Az evvel kolay olduğunu düşündüğüm her şeyi yapmaya ikna olmuştum. Dış kapıyı yavaşça kapatıp, merdivenlerden aşağı inerken, beyaz sehpanın yanında duran evin anahtarının, çığlık çığlığa sitem ettiğini derinden işitiyordum. Yol boyunca huzursuz edeceğini düşünmüştüm.
Otoparka geçerken cinayetin işlendiği alana ilerleyen bir katil gibi sağa sola tedirgin bakışlar bıraktığımın farkındaydım. Buradan her kim geçerse, göğsümün üzerindeki ağırlığı hissetmeliydi. Cinayetvari ağırlığı hissetmek otoparkın kaderi olmalıydı. Biliyorum.
Kontağı çevirdiğimde, nereye gideceğimi biliyor olmanın gerçeği tüm bedenimi saran titremeyle, “Buradayım!” dedi. Heyecandan olduğunu söylüyordum. Çünkü uzun zaman sonrasıydı ve üstelik ümit edilen bir karşılaşma olacaktı.

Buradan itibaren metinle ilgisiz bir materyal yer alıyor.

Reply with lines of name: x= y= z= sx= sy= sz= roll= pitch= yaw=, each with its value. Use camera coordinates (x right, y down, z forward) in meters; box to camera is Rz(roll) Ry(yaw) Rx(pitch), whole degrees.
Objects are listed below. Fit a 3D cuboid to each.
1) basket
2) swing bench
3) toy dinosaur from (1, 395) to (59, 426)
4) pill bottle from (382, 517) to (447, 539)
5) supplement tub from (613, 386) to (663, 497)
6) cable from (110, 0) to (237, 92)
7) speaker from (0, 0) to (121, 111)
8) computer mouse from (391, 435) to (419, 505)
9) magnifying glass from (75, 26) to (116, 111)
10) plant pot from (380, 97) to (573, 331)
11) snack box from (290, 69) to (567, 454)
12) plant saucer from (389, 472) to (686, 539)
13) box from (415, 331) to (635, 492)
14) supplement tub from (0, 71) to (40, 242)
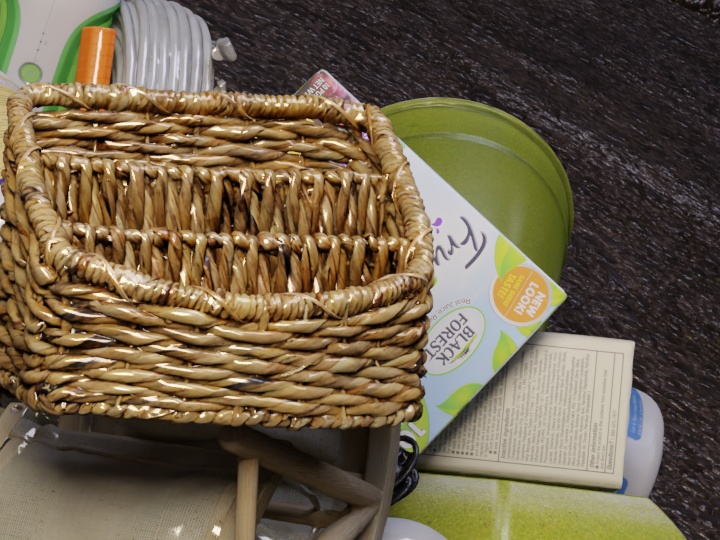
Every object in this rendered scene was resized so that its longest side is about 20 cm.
basket: x=-0.066 y=-0.008 z=1.329 sx=0.200 sy=0.149 sz=0.143 roll=4 pitch=7 yaw=-19
swing bench: x=-0.109 y=0.114 z=1.438 sx=0.199 sy=0.130 sz=0.200 roll=7 pitch=6 yaw=23
toy dinosaur: x=-0.160 y=0.055 z=1.613 sx=0.102 sy=0.200 sz=0.077 roll=-10 pitch=13 yaw=-3
pill bottle: x=0.015 y=0.216 z=1.493 sx=0.113 sy=0.113 sz=0.200 roll=27 pitch=18 yaw=-11
supplement tub: x=0.087 y=0.104 z=1.864 sx=0.200 sy=0.132 sz=0.132 roll=26 pitch=19 yaw=-15
cable: x=-0.154 y=-0.083 z=1.880 sx=0.069 sy=0.200 sz=0.200 roll=12 pitch=13 yaw=-20
speaker: x=-0.219 y=-0.124 z=1.860 sx=0.088 sy=0.200 sz=0.088 roll=18 pitch=25 yaw=-8
computer mouse: x=-0.068 y=0.097 z=1.574 sx=0.200 sy=0.140 sz=0.046 roll=44 pitch=-8 yaw=29
magnifying glass: x=-0.177 y=-0.055 z=1.790 sx=0.022 sy=0.200 sz=0.080 roll=8 pitch=-4 yaw=-36
plant pot: x=0.054 y=0.013 z=1.998 sx=0.200 sy=0.200 sz=0.193 roll=26 pitch=31 yaw=-15
snack box: x=0.000 y=0.000 z=1.661 sx=0.200 sy=0.142 sz=0.053 roll=43 pitch=-14 yaw=4
plant saucer: x=0.077 y=0.150 z=1.701 sx=0.200 sy=0.048 sz=0.200 roll=1 pitch=-6 yaw=44
box: x=0.062 y=0.080 z=1.723 sx=0.200 sy=0.095 sz=0.078 roll=7 pitch=-6 yaw=1
supplement tub: x=-0.240 y=-0.040 z=1.715 sx=0.145 sy=0.146 sz=0.200 roll=11 pitch=27 yaw=-45

Telefonlarımızdaki müzik çalar uygulamaları yahut çalma listeleri çok şey anlatabilir. Bir yerden bir başka yere doğru yol alırken ne dinlediğimiz önemlidir. Hüzün mü yoksa sevinç mi eşlik edecek? Gideceğiniz yere hangi ruh hali ile varmak istiyorsunuz?
Oysa sadece yolda yürürken ya da araba kullanırken dinlemek için müzik açmak demeyin. Her şeyin bir anlamı olmalı. Biliyorum. Bu yüzden “Mecnunum Leylamı Gördüm” türküsünü açmak istedim.
Köprüyü kullanmaktan vazgeçtim. Trafik tüm insanlığa zaman kaybettirirdi. Bunca yıl geç kalmış biri için her saniye çok önemliydi. Biliyorum.
Diğer yakaya geçebileceğim iskeleye gelmiştim. Başka bir otoparka arabayı bırakıp, vapurla karşıya geçecektim. Ait olan her şeyi olduğu yerde bırakıp, karşısına çıkmayı planlamıyordum. O, beni böyle davet ediyordu resmen.